Citizens may instead wish to build their own independent, self-funded and self-regulated platforms. They may want a local audio service, a civic reporting network, a co-operative publication, or a place-based digital platform that is close to the communities it serves. Policy should not regard such ambitions as peripheral. They are part of the democratic substance of media plurality.

Alternative ownership models already exist that could support this development. Community shares, platform co-operatives, social enterprises and charitable ownership structures can give audiences and contributors a real stake in the media platforms they depend on, while offering alternatives to both investor-driven corporate media and centralised institutional control.

The point, therefore, is not anti-BBC. It is anti-monopoly in the field of public purpose. The BBC should continue to exist as a major national institution, but its renewal should be tied to a wider settlement in which not-for-private-profit media can also flourish. The Charter should therefore be used to articulate a broader public purpose media framework, one that protects BBC independence while also extending legitimacy, support and developmental opportunity to external systems.

That means recognising community and civic media as part of the foundational media ecology of the UK, not as an afterthought to be mentioned only when local trust collapses or commercial provision fails.

Such a shift would be entirely consistent with the wider language of social value that runs through many policy discussions about media and public life. Community and civic media enhance deliberation, participation, representation, belonging, learning and accountability. They are not reducible to content supply. They are institutions of social infrastructure that make it possible for people to communicate in ways that are open, rooted, reciprocal and development-oriented.
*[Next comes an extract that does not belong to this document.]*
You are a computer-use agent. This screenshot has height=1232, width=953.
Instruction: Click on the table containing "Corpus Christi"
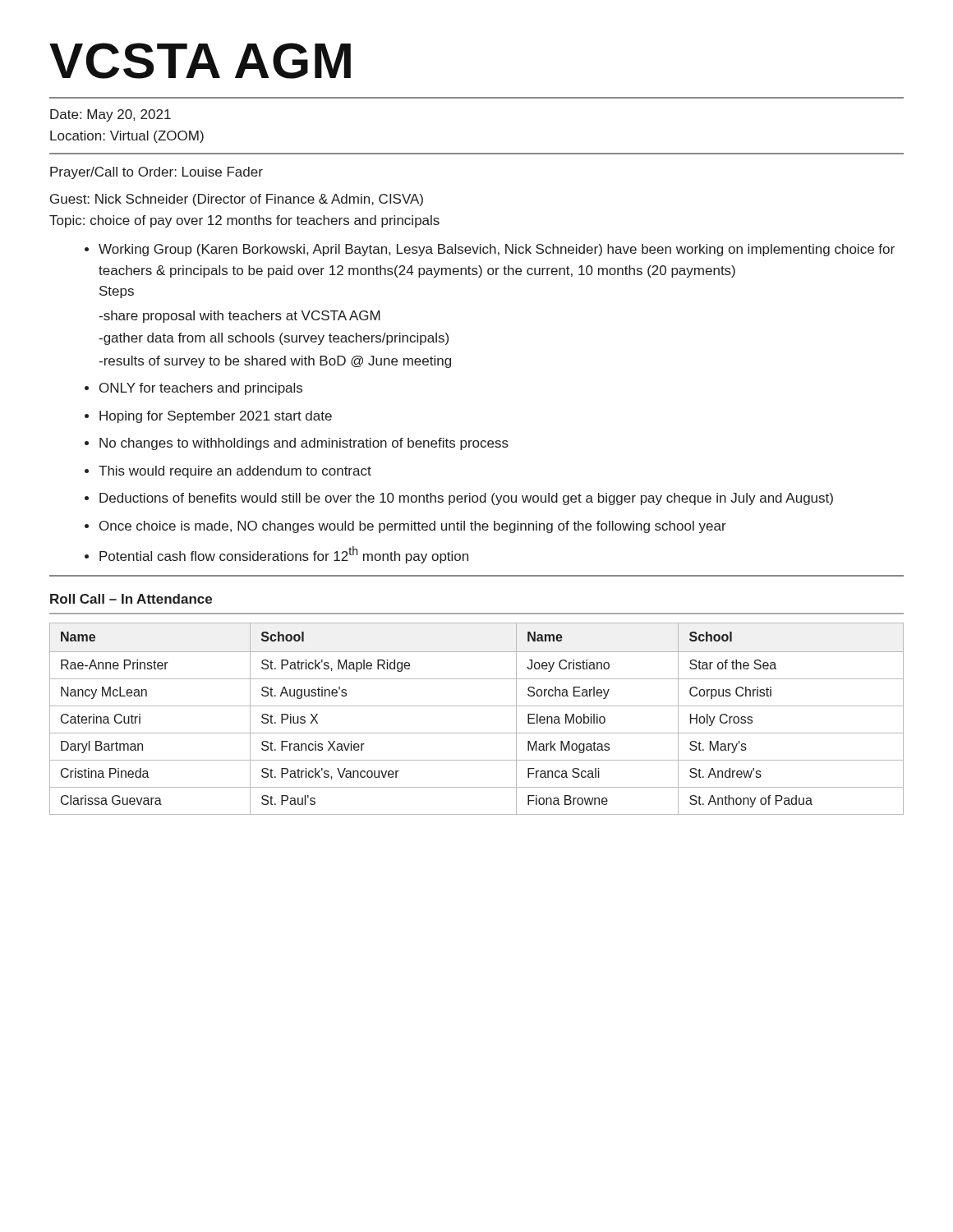[476, 719]
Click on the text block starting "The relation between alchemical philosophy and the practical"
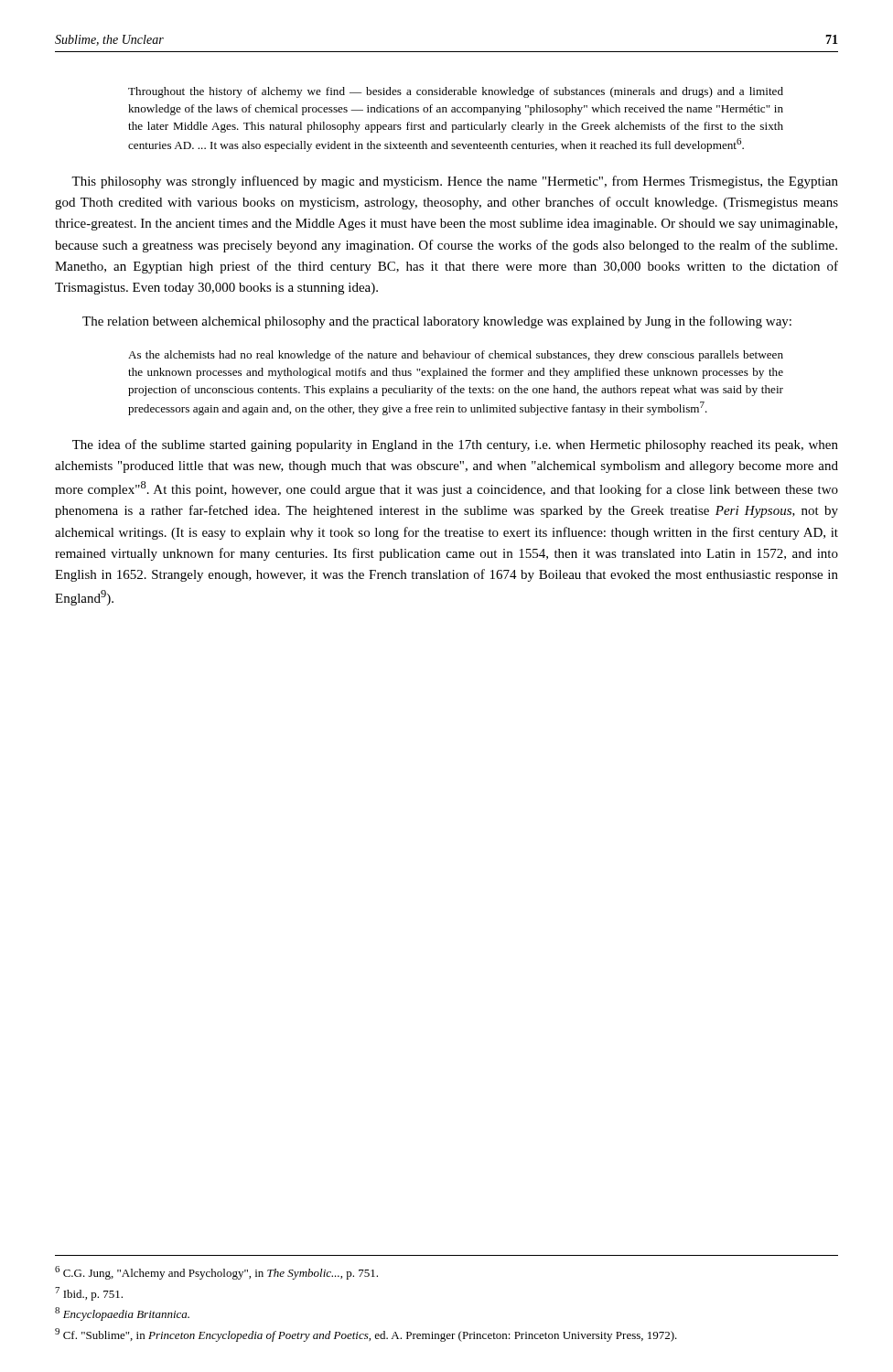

The Charter Review should therefore give as much attention to the external system as it gives to the internal system. Questions of governance inside the BBC matter. Questions of funding, regulation and accountability matter. But so do questions of ecosystem design beyond the BBC. Who gets support to make media? Who can own and govern media? Which platforms are recognised as serving public purposes? Which forms of local and civic production are treated as worthy of investment?

If the review fails to ask those questions, it will mistake institutional preservation for systemic reform.

The more ambitious alternative is clear. Renew the BBC, certainly. But renew it as part of a broader public purpose media settlement. Use Charter Renewal to establish principles by which public funding and public recognition can also strengthen independent, civic and community media. Support shared infrastructure and open development pathways for not-for-private-profit media. Accept that in a changed technological environment, citizens should not only receive public service media. They should also be able to create, own, govern and sustain media institutions of their own.

That is what parity of esteem would look like in a foundational media ecology.

Endnotes

Department for Culture, Media and Sport. Britain’s Story: The Next Chapter – BBC Royal Charter Review, Green Paper and Public Consultation. Published 16 December 2025. Consultation open until 10 March 2026.

Department for Culture, Media and Sport. Government launches Charter Review to future-proof the BBC. Published 16 December 2025.

Department for Culture, Media and Sport. BBC Charter and Framework Agreement. Current Charter expires on 31 December 2027.

Watson, R. Community Media Development Problems. Discussion of the shift from scarcity-based broadcasting policy to a post-broadcast digital environment.

Watson, R., Cook, C. and colleagues. When the Goal Is Not to Scale. Analysis of community and civic media development and the limitations of current policy frameworks.

Watson, R. Media for Social Gain and Innovation. Review of social value frameworks and their relevance for community and civic media development.